### [How to complete this task]
If a line in the entries below includes "SHALL", pick it out and copy it.

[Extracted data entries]

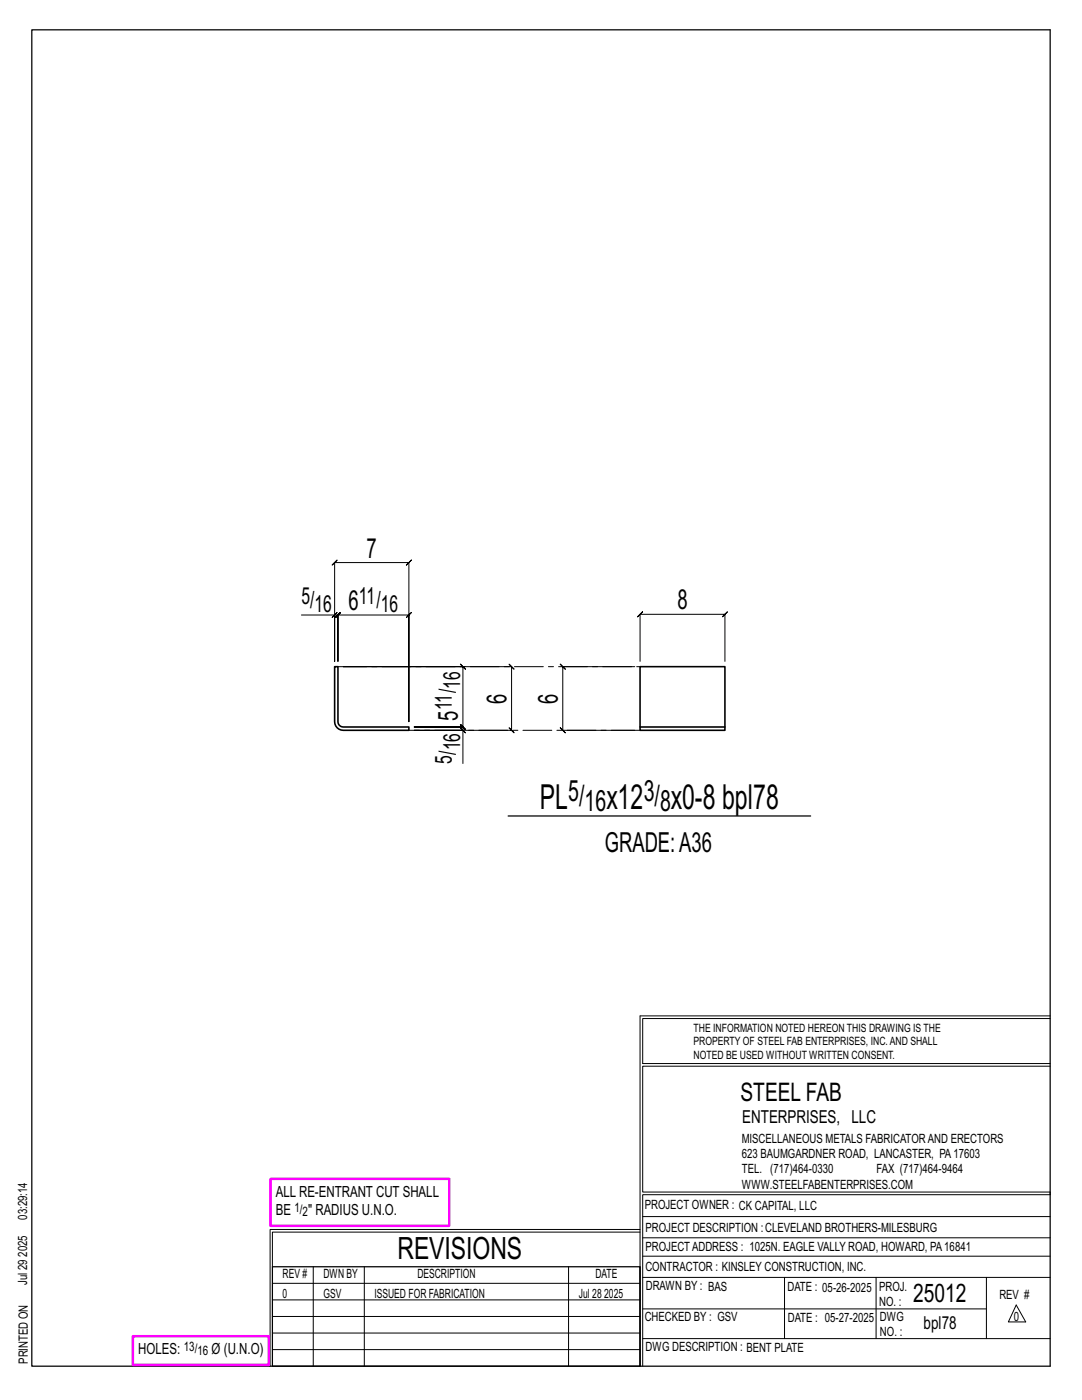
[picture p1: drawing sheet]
<svg xmlns="http://www.w3.org/2000/svg" width="216mm" height="279mm" viewBox="0 0 216 279" stroke-linecap="round" stroke-linejoin="round" font-family="sans-serif">
<defs><g id="words">
<g font-size="6.9">
<text x="107.7" y="161.4">PL</text>
<text x="121" y="161.4">x12</text>
<text x="133.9" y="161.4">x0-8 bpl78</text>
</g>
<text font-size="6.1" x="79.3" y="251.3">REVISIONS</text>
<g font-size="5.9">
<text x="113.4" y="159.8">5/</text>
<text x="116.7" y="161.9">16</text>
<text x="128.4" y="159.8">3/</text>
<text x="131.7" y="161.9">8</text>
</g>
<g font-size="5.5">
<text x="73.2" y="111.3">7</text>
<text x="69.6" y="121.7">6</text>
<text x="135.2" y="121.6">8</text>
<text x="91.4" y="143.8" transform="rotate(-90 91.4 143.8)">5</text>
<text x="101.1" y="140.4" transform="rotate(-90 101.1 140.4)">6</text>
<text x="111.3" y="140.4" transform="rotate(-90 111.3 140.4)">6</text>
<text x="120.7" y="170.1">GRADE:A36</text>
</g>
<g font-size="5.1">
<text x="147.8" y="219.8">STEEL FAB</text>
<text x="182.2" y="259.9">25012</text>
</g>
<g font-size="4.7">
<text x="60.1" y="120.5">5/</text>
<text x="62.8" y="122.2">16</text>
<text x="71.6" y="120.5">11/</text>
<text x="76" y="122.2">16</text>
<text x="91.8" y="137.4" transform="rotate(-90 91.8 137.4)">16</text>
<text x="90.1" y="141.8" transform="rotate(-90 90.1 141.8)">11/</text>
<text x="91.8" y="149.8" transform="rotate(-90 91.8 149.8)">16</text>
<text x="90.1" y="152.4" transform="rotate(-90 90.1 152.4)">5/</text>
</g>
<g font-size="3.6">
<text x="148.1" y="224.1">ENTERPRISES, LLC</text>
<text x="184.3" y="265.2">bpl78</text>
</g>
<g font-size="3.1">
<text x="55" y="238.9">ALL RE-ENTRANT CUT SHALL</text>
<text x="55" y="242.5">BE</text>
<text x="61.5" y="242.5">&quot; RADIUS U.N.O.</text>
<text x="27.6" y="270.2">HOLES:</text>
<text x="42.2" y="270.2">Ø (U.N.O)</text>
</g>
<g font-size="2.6">
<text x="58.8" y="241.8">1/</text>
<text x="60.4" y="242.7">2</text>
<text x="36.7" y="269.6">13/</text>
<text x="39.4" y="270.5">16</text>
</g>
<g font-size="2.5">
<text x="148" y="231.2">623 BAUMGARDNER ROAD, LANCASTER, PA17603</text>
<text x="148" y="228.1">MISCELLANEOUS METALS FABRICATORAND ERECTORS</text>
<text x="148" y="237.2">WWW.STEELFABENTERPRISES.COM</text>
<text x="148" y="234.2">TEL. (717)464-0330</text>
<text x="174.9" y="234.2">FAX (717)464-9464</text>
<text x="5.4" y="243.4" transform="rotate(-90 5.4 243.4)">03:29:14</text>
<text x="128.7" y="241.3">PROJECT OWNER : CK CAPITAL, LLC</text>
<text x="128.8" y="246">PROJECT DESCRIPTION :CLEVELAND BROTHERS-MILESBURG</text>
<text x="5.4" y="250.8" transform="rotate(-90 5.4 250.8)">2025</text>
<text x="128.8" y="249.7">PROJECTADDRESS : 1025N. EAGLE VALLY ROAD, HOWARD, PA16841</text>
<text x="5.4" y="256.5" transform="rotate(-90 5.4 256.5)">Jul 29</text>
<text x="56.4" y="255">REV #</text>
<text x="64.5" y="255">DWN BY</text>
<text x="83.3" y="255">DESCRIPTION</text>
<text x="118.8" y="255">DATE</text>
<text x="128.8" y="253.7">CONTRACTOR : KINSLEY CONSTRUCTION, INC.</text>
<text x="128.9" y="257.5">DRAWN BY : BAS</text>
<text x="157.1" y="257.6">DATE : 05-26-2025</text>
<text x="175.4" y="257.7">PROJ.</text>
<text x="56.4" y="259">0</text>
<text x="64.5" y="259">GSV</text>
<text x="74.7" y="259">ISSUED FOR FABRICATION</text>
<text x="115.5" y="259">Jul 28</text>
<text x="120.6" y="259">2025</text>
<text x="128.6" y="263.7">CHECKED BY : GSV</text>
<text x="157.2" y="263.7">DATE : 05-27-2025</text>
<text x="175.4" y="260.7">NO. :</text>
<text x="175.6" y="263.7">DWG</text>
<text x="199.4" y="259.2">REV #</text>
<text x="202.3" y="263.7">0</text>
<text x="128.8" y="269.7">DWG DESCRIPTION : BENT PLATE</text>
<text x="175.6" y="266.7">NO. :</text>
<text x="5.5" y="272.2" transform="rotate(-90 5.5 272.2)">PRINTED ON</text>
</g>
<g font-size="2.3">
<text x="138.4" y="208.6">PROPERTY OF STEEL FAB ENTERPRISES, INC.AND SHALL</text>
<text x="138.4" y="205.9">THE INFORMATION NOTED HEREON THIS DRAWING IS THE</text>
<text x="138.4" y="211.3">NOTED BE USED WITHOUT WRITTEN CONSENT.</text>
</g>
</g></defs>
<g fill="none" stroke="#000" stroke-width=".2">
<path d="M60.1 122.7h6.7v9.3v-19.7l-.5 .5 1-1-.5 .5h14.8l-.5 .5 1-1-.5 .5v31.7v-21.3l.5-.5-1 1 .5-.5h-14.2l.5-.5-1 1 .5-.5v9.3v-9.3l.5-.5-1 1 .5-.5h-.6M67.3 122.2l-1 1zM126.7 133h-14.4l-.5-.5 1 1-.5-.5v12.7l-.5-.5 1 1-.5-.5h14.4M127.7 132v-9.4l-.5 .5 1-1-.5 .5h16.9l-.5 .5 1-1-.5 .5v9.4M91.9 145.2l1 1zM92.4 145.7v-.6l.5 .5-1-1 .5 .5h-9.8h9.8l.5 .5-1-1 .5 .5v-12.1l.5 .5-1-1 .5 .5h-23.9h33.6l-.5-.5 1 1-.5-.5v12.7l-.5-.5 1 1-.5-.5h-19.5h9.8v6.7M127.7 202.7v70M127.7 202.7h81.8M209.5 203.3h-81.3v9h81.3M209.5 212.8h-81.3v25.1h81.3v.5h-81.3v34.3M54.4 259.4h73.3M54.4 256.1h73.3"/>
<path d="M62.5 252.8v19.9M72.7 252.8v19.9M113.4 252.8v19.9M127.7 245.4h-73.8v27.3M127.7 245.9h-73.3v6.9M128.2 242.8h81.3M128.2 254.9h81.3M128.2 250.7h81.3M128.2 247h81.3M156.5 254.9v12.2M174.8 254.9v12.2M196.8 254.9v12.2"/>
<path d="M54.4 269.3h73.3M54.4 266h73.3M54.4 262.7h73.3M128.2 261.2h68.6M128.2 267.1h81.3M202.8 260.4l1.9 3.4h-3.5z"/>
</g>
<path d="M6.3 6h203.2v266.7h-203.2zM101.4 162.8h60.4M54.4 252.8h73.3v19.9h-73.3z" fill="none" stroke="#000" stroke-width=".25"/>
<path d="M54 235.3h35.6v9.3h-35.6zM26.5 266.7h27.1v5.7h-27.1z" fill="none" stroke="#f0f" stroke-width=".5"/>
<path d="M66.8 133h.6v11l.3 .8 .8 .3h13.1v.6h-13.1a1.72 1.72 0 0 1-1.7-1.7zM127.7 145.1h16.9v.6h-16.9zM127.7 145.1v-12.1h16.9v12.1" fill="none" stroke="#000" stroke-width=".32"/>
<path d="M67.4 133h60.3M127.7 145.7h-46.1" fill="none" stroke="#000" stroke-width=".2" stroke-dasharray="5.8 1 1 1"/>
<use href="#words"/>
</svg>

### [Solution to this exercise]
<text x="55" y="238.9">ALL RE-ENTRANT CUT SHALL</text>
<text x="138.4" y="208.6">PROPERTY OF STEEL FAB ENTERPRISES, INC.AND SHALL</text>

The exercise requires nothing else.